:: Task instructions ::
Each line holding the word "stops" must appear in the answer, copied from the entries.

### Records provided

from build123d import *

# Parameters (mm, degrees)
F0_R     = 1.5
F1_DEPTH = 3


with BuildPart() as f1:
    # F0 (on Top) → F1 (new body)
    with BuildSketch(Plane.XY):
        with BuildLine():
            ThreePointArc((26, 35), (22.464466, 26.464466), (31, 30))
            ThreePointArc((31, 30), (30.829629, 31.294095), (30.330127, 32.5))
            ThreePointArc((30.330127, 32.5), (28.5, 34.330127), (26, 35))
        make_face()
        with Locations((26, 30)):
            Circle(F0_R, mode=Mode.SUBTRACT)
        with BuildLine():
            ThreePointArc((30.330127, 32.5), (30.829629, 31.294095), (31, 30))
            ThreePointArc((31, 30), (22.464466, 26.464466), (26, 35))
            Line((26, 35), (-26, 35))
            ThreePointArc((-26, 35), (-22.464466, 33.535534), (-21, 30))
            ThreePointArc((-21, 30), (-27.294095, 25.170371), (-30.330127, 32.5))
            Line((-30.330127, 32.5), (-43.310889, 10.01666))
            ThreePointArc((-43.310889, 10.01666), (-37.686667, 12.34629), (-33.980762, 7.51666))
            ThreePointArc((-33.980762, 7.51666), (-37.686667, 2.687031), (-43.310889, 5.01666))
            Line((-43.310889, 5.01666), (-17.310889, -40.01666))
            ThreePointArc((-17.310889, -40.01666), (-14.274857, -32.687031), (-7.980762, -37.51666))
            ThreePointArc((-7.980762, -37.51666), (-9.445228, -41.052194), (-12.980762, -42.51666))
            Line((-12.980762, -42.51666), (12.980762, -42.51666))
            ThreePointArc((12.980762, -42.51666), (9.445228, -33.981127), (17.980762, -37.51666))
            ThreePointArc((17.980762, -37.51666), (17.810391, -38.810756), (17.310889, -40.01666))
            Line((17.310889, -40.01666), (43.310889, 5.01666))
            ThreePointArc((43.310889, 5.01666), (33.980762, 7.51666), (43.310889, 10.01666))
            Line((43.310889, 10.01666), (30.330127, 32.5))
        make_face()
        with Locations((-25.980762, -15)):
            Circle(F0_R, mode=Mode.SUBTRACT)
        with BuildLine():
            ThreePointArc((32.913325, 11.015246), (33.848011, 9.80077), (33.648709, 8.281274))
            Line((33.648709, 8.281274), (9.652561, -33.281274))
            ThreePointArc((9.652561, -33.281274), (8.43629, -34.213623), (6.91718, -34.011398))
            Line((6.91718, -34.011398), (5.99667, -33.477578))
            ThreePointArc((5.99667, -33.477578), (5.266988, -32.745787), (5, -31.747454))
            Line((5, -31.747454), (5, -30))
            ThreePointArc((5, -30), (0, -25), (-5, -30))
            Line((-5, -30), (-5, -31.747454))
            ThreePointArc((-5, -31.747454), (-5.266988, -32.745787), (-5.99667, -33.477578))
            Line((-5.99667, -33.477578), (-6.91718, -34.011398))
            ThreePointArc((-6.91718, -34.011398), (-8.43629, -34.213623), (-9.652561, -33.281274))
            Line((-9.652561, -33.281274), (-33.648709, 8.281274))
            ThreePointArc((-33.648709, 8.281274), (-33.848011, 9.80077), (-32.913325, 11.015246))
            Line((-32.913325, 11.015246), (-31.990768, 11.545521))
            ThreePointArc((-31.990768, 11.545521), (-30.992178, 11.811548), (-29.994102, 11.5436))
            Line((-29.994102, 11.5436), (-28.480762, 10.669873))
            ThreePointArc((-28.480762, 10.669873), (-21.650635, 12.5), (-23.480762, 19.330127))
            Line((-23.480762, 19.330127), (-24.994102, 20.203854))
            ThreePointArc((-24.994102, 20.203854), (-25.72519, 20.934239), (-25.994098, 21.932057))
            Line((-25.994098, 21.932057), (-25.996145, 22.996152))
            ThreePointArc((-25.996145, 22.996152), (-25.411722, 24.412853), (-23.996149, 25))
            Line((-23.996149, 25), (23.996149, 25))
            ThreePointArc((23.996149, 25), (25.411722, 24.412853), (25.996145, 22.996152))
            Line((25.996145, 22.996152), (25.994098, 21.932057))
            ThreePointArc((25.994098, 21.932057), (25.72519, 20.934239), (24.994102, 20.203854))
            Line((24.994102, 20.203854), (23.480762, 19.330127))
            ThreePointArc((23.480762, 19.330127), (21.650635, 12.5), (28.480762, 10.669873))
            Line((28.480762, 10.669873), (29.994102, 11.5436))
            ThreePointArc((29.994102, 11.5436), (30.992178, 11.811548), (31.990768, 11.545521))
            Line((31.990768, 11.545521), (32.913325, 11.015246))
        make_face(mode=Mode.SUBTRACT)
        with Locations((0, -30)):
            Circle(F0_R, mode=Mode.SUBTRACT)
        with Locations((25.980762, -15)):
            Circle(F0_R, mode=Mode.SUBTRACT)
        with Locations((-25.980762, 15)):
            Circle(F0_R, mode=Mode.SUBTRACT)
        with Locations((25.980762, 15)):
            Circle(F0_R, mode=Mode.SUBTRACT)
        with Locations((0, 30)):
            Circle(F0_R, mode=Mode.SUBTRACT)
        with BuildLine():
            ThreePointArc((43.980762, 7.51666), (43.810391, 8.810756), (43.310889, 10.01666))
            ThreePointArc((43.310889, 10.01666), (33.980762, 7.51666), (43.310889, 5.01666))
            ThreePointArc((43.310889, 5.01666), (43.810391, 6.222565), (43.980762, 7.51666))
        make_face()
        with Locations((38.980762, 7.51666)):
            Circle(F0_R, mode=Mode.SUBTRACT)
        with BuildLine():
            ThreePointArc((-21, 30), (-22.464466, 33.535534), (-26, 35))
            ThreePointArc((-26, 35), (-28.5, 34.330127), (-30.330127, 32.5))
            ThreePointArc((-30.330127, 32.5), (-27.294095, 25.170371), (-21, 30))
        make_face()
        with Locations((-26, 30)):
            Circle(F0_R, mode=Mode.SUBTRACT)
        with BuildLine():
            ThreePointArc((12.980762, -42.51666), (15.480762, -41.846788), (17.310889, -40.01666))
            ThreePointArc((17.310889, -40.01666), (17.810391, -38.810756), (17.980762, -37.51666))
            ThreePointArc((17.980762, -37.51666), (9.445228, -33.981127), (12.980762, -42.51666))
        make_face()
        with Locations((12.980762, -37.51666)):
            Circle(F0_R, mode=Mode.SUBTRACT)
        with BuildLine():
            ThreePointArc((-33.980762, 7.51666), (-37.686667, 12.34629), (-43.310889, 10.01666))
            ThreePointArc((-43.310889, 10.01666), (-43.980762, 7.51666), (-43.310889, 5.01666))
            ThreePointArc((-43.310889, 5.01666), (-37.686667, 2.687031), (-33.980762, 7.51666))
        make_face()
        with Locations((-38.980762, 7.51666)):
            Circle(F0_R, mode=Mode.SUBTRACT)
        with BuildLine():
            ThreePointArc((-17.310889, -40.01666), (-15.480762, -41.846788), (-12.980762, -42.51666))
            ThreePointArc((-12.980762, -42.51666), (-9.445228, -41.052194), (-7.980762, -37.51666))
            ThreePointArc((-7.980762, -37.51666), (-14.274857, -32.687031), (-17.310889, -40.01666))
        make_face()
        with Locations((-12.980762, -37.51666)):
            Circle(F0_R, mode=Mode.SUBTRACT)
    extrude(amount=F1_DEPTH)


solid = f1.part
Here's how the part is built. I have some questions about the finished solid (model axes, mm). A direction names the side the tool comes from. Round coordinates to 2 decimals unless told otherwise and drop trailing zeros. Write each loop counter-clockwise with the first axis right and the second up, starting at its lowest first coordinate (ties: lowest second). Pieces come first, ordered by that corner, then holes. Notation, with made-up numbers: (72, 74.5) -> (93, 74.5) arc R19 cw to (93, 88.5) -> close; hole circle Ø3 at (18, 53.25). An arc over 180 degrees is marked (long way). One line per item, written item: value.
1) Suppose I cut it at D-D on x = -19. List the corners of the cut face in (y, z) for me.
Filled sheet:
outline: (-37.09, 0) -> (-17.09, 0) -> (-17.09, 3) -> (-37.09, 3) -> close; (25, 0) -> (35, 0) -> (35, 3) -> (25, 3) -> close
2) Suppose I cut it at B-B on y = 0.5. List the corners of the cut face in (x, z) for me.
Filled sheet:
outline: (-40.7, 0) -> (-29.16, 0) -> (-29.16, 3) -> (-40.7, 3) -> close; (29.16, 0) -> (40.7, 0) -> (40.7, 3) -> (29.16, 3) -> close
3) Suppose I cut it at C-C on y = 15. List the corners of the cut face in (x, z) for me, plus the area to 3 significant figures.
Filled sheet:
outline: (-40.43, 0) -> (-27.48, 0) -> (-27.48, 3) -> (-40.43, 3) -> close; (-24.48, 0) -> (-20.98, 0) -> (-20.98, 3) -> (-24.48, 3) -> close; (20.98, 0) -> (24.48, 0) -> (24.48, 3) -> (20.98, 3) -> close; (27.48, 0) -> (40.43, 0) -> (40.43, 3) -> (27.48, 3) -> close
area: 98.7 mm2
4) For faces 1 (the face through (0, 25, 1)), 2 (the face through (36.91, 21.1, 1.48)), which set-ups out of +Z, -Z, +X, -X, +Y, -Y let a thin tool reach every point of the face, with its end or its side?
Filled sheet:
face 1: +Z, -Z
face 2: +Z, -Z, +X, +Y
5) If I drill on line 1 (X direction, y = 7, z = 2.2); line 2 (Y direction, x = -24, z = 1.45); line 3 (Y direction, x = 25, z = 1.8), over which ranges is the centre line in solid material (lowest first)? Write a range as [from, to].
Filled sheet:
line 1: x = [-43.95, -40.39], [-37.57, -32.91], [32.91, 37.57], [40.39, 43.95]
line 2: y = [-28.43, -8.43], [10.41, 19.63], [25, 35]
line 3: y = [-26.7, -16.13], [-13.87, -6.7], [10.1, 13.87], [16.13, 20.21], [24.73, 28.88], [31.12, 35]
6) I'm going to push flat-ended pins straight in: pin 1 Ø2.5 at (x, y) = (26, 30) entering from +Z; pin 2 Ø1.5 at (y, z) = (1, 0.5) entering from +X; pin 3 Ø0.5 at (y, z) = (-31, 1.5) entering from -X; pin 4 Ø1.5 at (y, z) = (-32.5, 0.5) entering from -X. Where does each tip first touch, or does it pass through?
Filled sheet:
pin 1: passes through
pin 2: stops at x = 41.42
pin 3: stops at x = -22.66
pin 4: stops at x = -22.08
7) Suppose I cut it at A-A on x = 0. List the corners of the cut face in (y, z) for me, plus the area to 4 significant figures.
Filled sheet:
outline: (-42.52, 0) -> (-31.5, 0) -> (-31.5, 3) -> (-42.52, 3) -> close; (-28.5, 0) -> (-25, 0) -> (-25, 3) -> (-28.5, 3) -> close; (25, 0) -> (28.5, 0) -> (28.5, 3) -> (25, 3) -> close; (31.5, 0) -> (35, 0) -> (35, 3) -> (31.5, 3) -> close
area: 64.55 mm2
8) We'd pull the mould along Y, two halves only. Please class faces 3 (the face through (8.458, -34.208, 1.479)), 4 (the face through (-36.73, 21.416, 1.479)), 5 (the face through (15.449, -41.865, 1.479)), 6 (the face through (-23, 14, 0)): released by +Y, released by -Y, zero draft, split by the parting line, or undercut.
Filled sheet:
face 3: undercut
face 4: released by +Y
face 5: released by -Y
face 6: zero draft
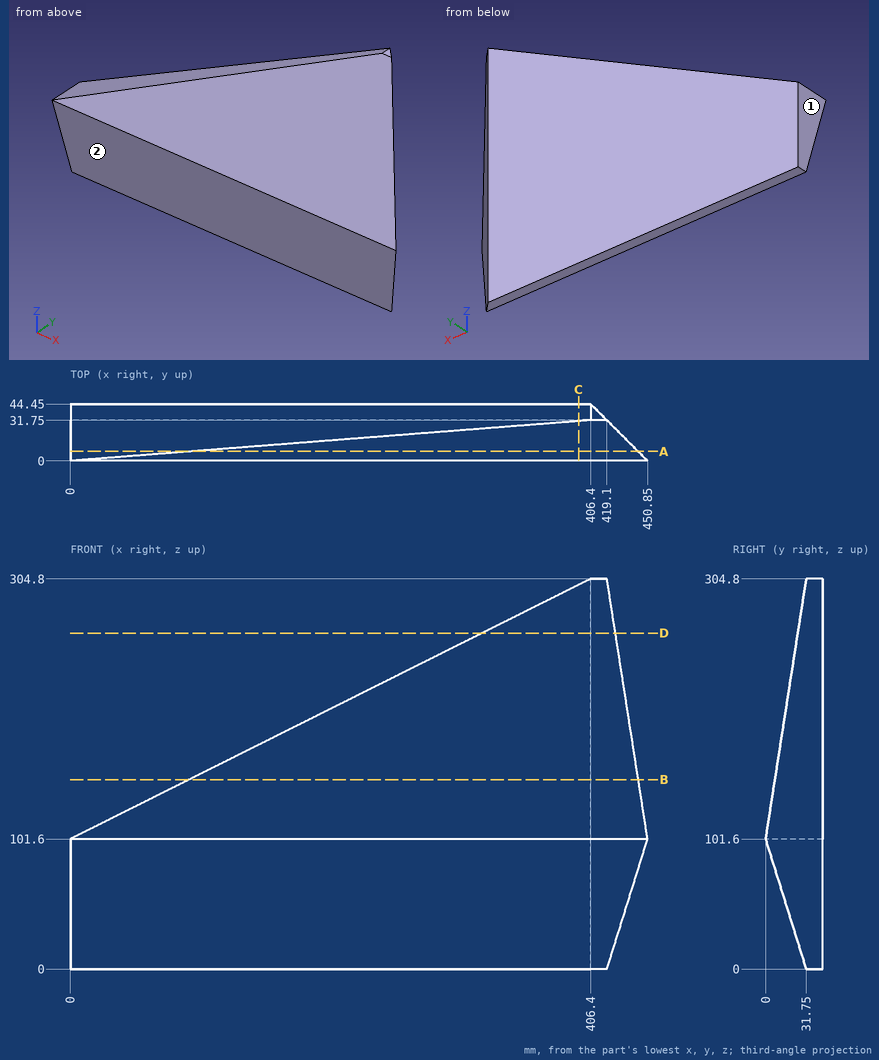
The drawing under review shows one solid part. Ordinate dimensions are in mm from its lowest x, y, z. Give positions to 0.01 mm unless a question says otherwise; leave off trailing zeros. Write each loop counter-clockwise with the first axis right and the second up, starting at its lowest first coordinate (ties: lowest second). Pieces come first, ordered by that corner, then holes. Notation, with made-up numbers: M 77,-2.5 L 128,-2.5 A29 ccw 128,20.5 Z; hole C 27.25,71.25 d2. An arc over 180 degrees is marked long. Write each question's results on one line, items separated by ' | '. Start each with the question number.
1. Mouldability with a two-part tool opening along X and no side actions: class the marked faces 1 and 2 as released by +X, released by -X, zero draft, split by the parting line, or undercut.
2. Insertion check: pin 1 Ø1 at (x, y) = (309.5, 32) entering from +Z; pin 2 Ø1.5 at (y, z) = (30.5, 208.5) entering from +X; pin 3 Ø10 at (x, y) = (174.5, 33) entering from +Z. Each pin has a flat end and moves straight along its axis. Give the tip position at first contact, or say it passes through.
3. We need section C-C (x = 397). Write out the cut boundary in (y, z), and give its area (3 significant figures).
4. We need section D-D (z = 262.5). Write out the cut boundary in (x, y).
5. We need section A-A (y = 7.5). Write out the cut boundary in (x, z).
6. For probe 1 along Z at (x, y) = (326.5, 34); probe 2 along Y at (x, z) = (366, 220.5); probe 3 along Y at (x, z) = (322, 108), list the stretches that pass through material, from the lowest coordinate up. Write a range as [from, to].
7. We need section B-B (z = 148). Write out the cut boundary in (x, y), and give its area (3 significant figures).
Results found:
1) face 1: released by -X | face 2: zero draft
2) pin 1: stops at z = 256.6 | pin 2: stops at x = 421.1 | pin 3: stops at z = 191.35
3) outline: M 0,101.6 L 31.75,0 L 44.45,0 L 44.45,300.1 L 31.02,300.1 Z | area: 8,650 mm^2
4) outline: M 321.8,25.14 L 425.71,25.14 L 406.4,44.45 L 321.8,44.45 Z
5) outline: M 0,77.6 L 443.35,77.6 L 443.35,149.6 L 96,149.6 L 0,101.6 Z
6) probe 1: z = [0, 264.85] | probe 2: y = [18.58, 44.45] | probe 3: y = [1, 44.45]
7) outline: M 92.8,7.25 L 443.6,7.25 L 406.4,44.45 L 92.8,44.45 Z | area: 12,400 mm^2
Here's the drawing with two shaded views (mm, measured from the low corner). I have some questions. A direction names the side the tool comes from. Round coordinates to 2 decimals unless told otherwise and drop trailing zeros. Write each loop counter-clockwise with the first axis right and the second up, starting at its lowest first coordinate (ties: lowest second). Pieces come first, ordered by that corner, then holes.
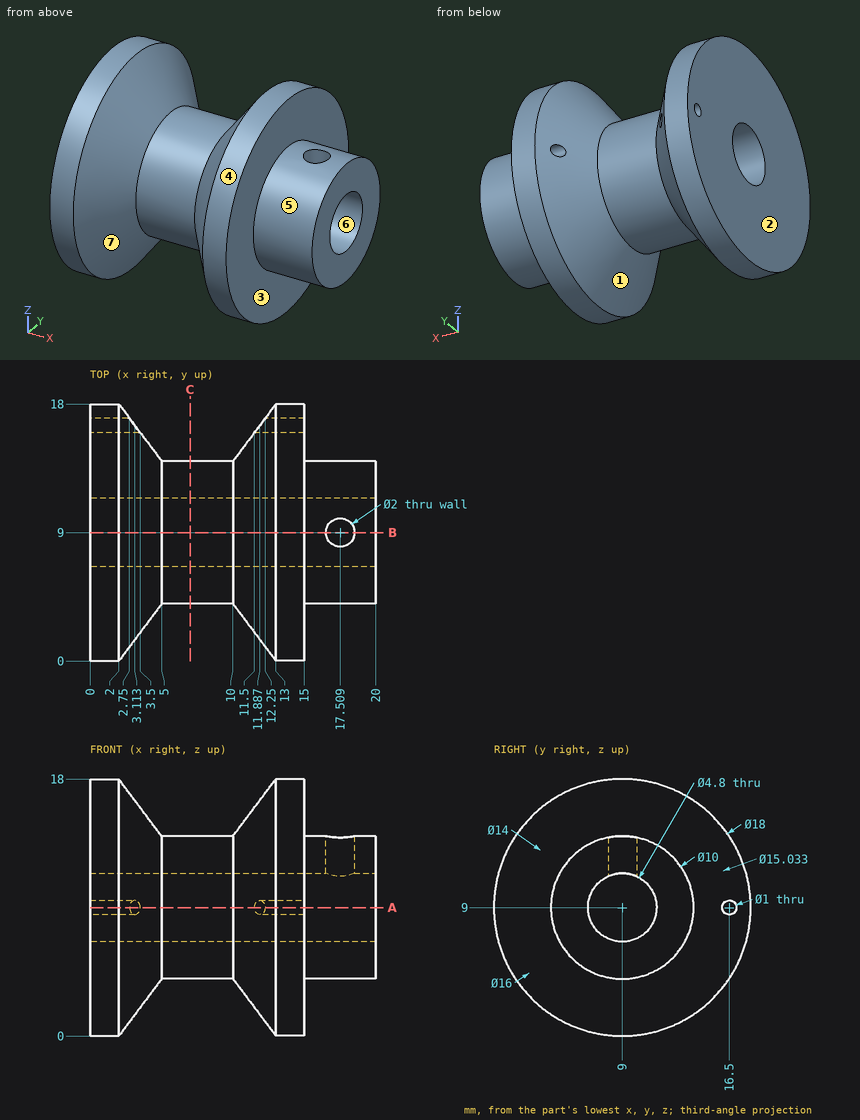
Q1. Imagine slicing it at A-A, the plane z = 9. Write out the boundary of the cut face in (x, y), then the cut area to 3 significant figures.
Q2. If I drill on L1, parallel to X at y = 2.5, z = 10.5 (1 decimal); L2, parallel to X at y = 12, z = 16.25 (1 decimal); L3, parallel to Y at x = 7.25, z = 9.75 (1 decimal), over which ranges is the centre line in solid material (lowest first)?
Q3. Imagine slicing it at B-B, the plane y = 9. Write out the boundary of the cut face in (x, z), then the cut area to 3 significant figures.
Q4. We'd pull the mould along X, two halves only. Please class the marked faces 1, 2, 3 and 4: pulls with the +X half, pulls with the -X half, needs draft (parallel to the pull), parting line crosses it, or undercut.
Q5. Imagine slicing it at C-C, the plane x = 7. Write out the boundary of the cut face in (y, z).
Q6. I'm going to push flat-ended pins straight in: pin 1 Ø4 at (x, z) = (16.5, 10) entering from -Y; pin 2 Ø4 at (x, y) = (6, 4.5) entering from -Z (1 decimal); pin 3 Ø4 at (x, y) = (11.5, 4.5) entering from +Z; pin 4 Ø5 at (x, z) = (13.5, 3) entering from +Y. Where does each tip first touch, or does it pass through?
Q7. On a 3-axis mill with a long thin cutter (end or side, diameter ignored), from which of +Z, -Z, +X, -X, +Y, -Y can I reach the whole of each face in a straight line? I mean the marked faces 5, 6 and 7. Say none if no direction works.
Results found:
1. outline: (0, 0) - (2, 0) - (5, 4) - (10, 4) - (13, 0) - (15, 0) - (15, 4) - (20, 4) - (20, 6.6) - (0, 6.6) - close; (0, 11.4) - (20, 11.4) - (20, 14) - (15, 14) - (15, 16) - (11.5, 16) - (10, 14) - (5, 14) - (3.5, 16) - (0, 16) - close; (0, 17) - (2.75, 17) - (2, 18) - (0, 18) - close; (12.25, 17) - (15, 17) - (15, 18) - (13, 18) - close
1. area: 154 mm2
2. L1: x = 0 to 3.7, 11.3 to 15
2. L2: x = 0 to 2.9, 12.1 to 15
2. L3: y = 4.1 to 6.7, 11.3 to 13.9
3. outline: (0, 0) - (2, 0) - (5, 4) - (10, 4) - (13, 0) - (15, 0) - (15, 4) - (20, 4) - (20, 6.6) - (0, 6.6) - close; (0, 11.4) - (16.51, 11.4) - (16.51, 14) - (15, 14) - (15, 18) - (13, 18) - (10, 14) - (5, 14) - (2, 18) - (0, 18) - close; (18.51, 11.4) - (20, 11.4) - (20, 14) - (18.51, 14) - close
3. area: 155 mm2
4. face 1: undercut
4. face 2: pulls with the -X half
4. face 3: pulls with the +X half
4. face 4: needs draft
5. outline: circle Ø10 at (9, 9); hole circle Ø4.8 at (9, 9)
6. pin 1: stops at y = 0
6. pin 2: stops at z = 4.1
6. pin 3: stops at z = 17.42
6. pin 4: stops at y = 17.29
7. face 5: +X
7. face 6: +X, -X
7. face 7: none

######

:: Answer area ::
pin 2: stops at x = 41.42
pin 3: stops at x = -22.66
pin 4: stops at x = -22.08
2) pin 1: stops at z = 256.6 | pin 2: stops at x = 421.1 | pin 3: stops at z = 191.35
6. pin 1: stops at y = 0
6. pin 2: stops at z = 4.1
6. pin 3: stops at z = 17.42
6. pin 4: stops at y = 17.29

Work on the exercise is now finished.